KLAMATH FALLS, Ore. — Oregon water regulators may scale back the number of wells subject to pumping shutdowns in the Upper Klamath Basin but some irrigators remain uneasy about the proposal.

Under existing rules, groundwater irrigators within one mile of surface waters can be “regulated off” by senior water users who claim the wells are affecting their water rights.

The Oregon Water Resources Department is now considering a change to the rules, which would limit regulation to wells within 500 feet of surface waters in the basin, effectively reducing the number of wells subject to shutdowns from 140 to seven.

The agency expects to finalize the interim rules in mid-April until more permanent regulations are enacted in 2021 “so the bar quits moving for people down here,” said Ivan Gall, administrator of OWRD’s field services division.

Several irrigators in the Upper Klamath basin have filed lawsuits challenging the OWRD’s shutdown of their wells in recent years, alleging the agency didn’t have adequate proof that groundwater pumping was reducing flows in waterways.

Litigation costs over Klamath Basin water disputes ended up exceeding the agency’s legal budget in the 2017-2019 biennium, prompting OWRD to ask lawmakers for additional funds.

While the agency doesn’t relish such legal battles, they can be a “necessary means to an end,” Gall said during a Jan. 28 meeting about the rules in Klamath Falls, Ore.

“We are not trying to do this interim rule process to avoid litigation costs,” he said, noting that the proposed rules are intended to provide OWRD with more time to study water management and well regulation.

Several irrigators who sit on the agency’s “rules advisory committee” for the proposal said they appreciate that the regulatory reach was cut from one mile to within 500 feet of surface water, but they’re still disappointed with certain aspects of the interim rules.

Specifically, irrigators said they’re unhappy with the presumption that wells within that distance will necessarily affect surface waters, as well as OWRD’s conclusion that groundwater and surface waters were hydrologically connected throughout the basin.

“We still don’t like your editorializing on science,” said Roger Nicholson, an irrigator on the committee. “We don’t think non-peer-reviewed science has any room in the temporary rule.”

Tom Mallams, who represented the Oregon Cattlemen’s Association on the committee, said the agency’s statement about the connection between ground and surface waters was unproven and “erroneous.”

“It’s a slap in the face for everyone in the Klamath Basin,” he said, adding that OWRD’s reasoning could be applied to basins elsewhere in the state.

The agency should have relied more on the expertise and data of private sector specialists in hydrology, Mallams said. “It appears they were totally ignored.”

Bruce Topham, a groundwater user on the committee, said it’s unreasonable to require irrigators whose wells are within 500 feet of surface waters to demonstrate they’re not reducing stream flows.
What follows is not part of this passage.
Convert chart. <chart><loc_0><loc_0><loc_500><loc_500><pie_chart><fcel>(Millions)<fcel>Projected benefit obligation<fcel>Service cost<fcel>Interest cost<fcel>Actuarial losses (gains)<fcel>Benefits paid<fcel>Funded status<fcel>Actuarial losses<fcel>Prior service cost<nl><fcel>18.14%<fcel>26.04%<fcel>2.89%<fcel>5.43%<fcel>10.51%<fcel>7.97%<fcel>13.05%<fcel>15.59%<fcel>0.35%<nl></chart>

“That’s the equivalent of guilty until proven innocent,” he said. “They’ve asked us to prove a negative and you can’t do that.”
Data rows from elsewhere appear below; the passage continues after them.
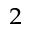<formula> <loc_0><loc_0><loc_500><loc_500>_ { 2 }</formula> 
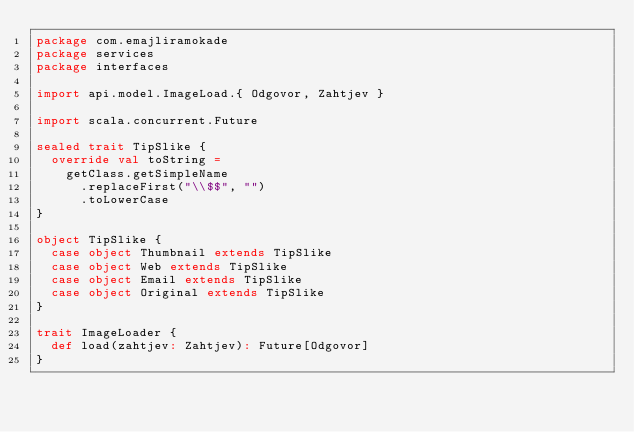<code> <loc_0><loc_0><loc_500><loc_500><_Scala_>package com.emajliramokade
package services
package interfaces

import api.model.ImageLoad.{ Odgovor, Zahtjev }

import scala.concurrent.Future

sealed trait TipSlike {
  override val toString =
    getClass.getSimpleName
      .replaceFirst("\\$$", "")
      .toLowerCase
}

object TipSlike {
  case object Thumbnail extends TipSlike
  case object Web extends TipSlike
  case object Email extends TipSlike
  case object Original extends TipSlike
}

trait ImageLoader {
  def load(zahtjev: Zahtjev): Future[Odgovor]
}
</code> 
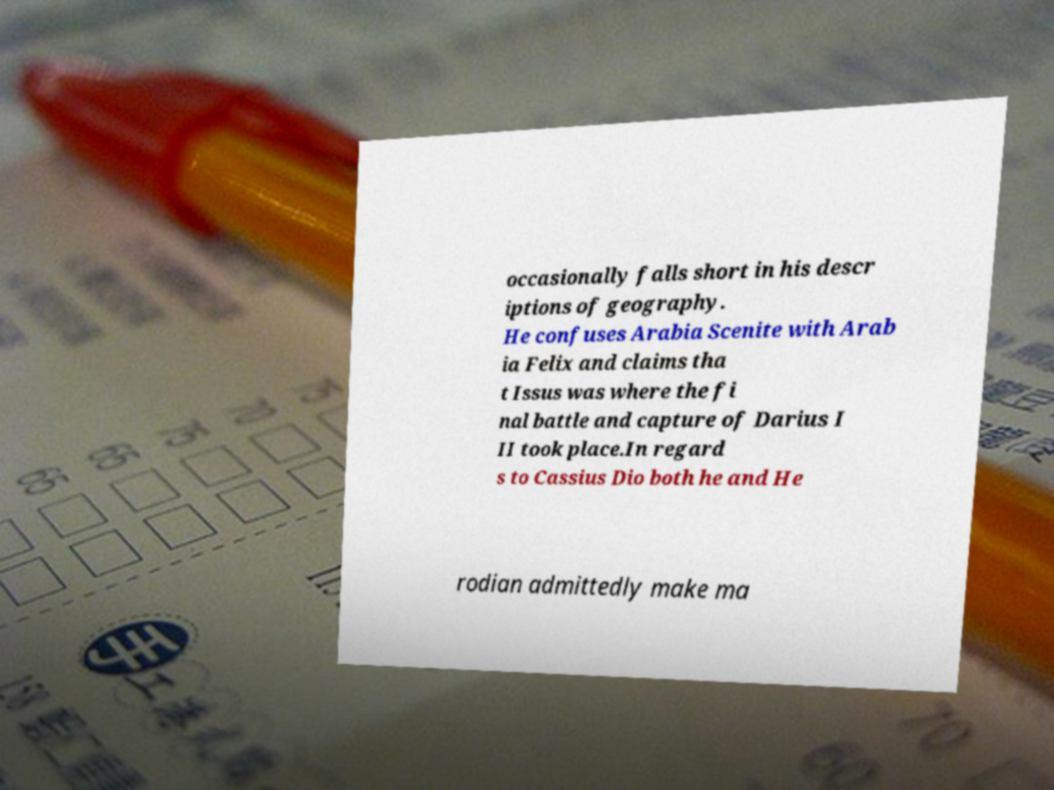Can you accurately transcribe the text from the provided image for me? occasionally falls short in his descr iptions of geography. He confuses Arabia Scenite with Arab ia Felix and claims tha t Issus was where the fi nal battle and capture of Darius I II took place.In regard s to Cassius Dio both he and He rodian admittedly make ma

Gall, of OWRD, said that a hydrologic connection exists if water can move between groundwater aquifers and surface waters, unless it’s blocked by an impermeable barrier — which the agency has been unable to find in the region.

The geology of the basin contains large fault blocks of rock that tend to be permeable and allow water deep under ground to discharge into surface waters, Gall said.

During public comments, one participant criticized the OWRD for being quick to compromise with irrigation interests and assembling a rules advisory committee that’s designed to “crowd out the tribal voice.”

Don Gentry, tribal chairman of the Klamath Tribes, said courts have affirmed that tribal water rights date back to time immemorial and they need to be protected.

In the past, water calls by the Klamath Tribes have resulted in OWRD requiring junior water rights holders to stop irrigating.

“We sometimes feel like the lone ranger or the enemy in the community, but we have senior water rights,” Gentry said.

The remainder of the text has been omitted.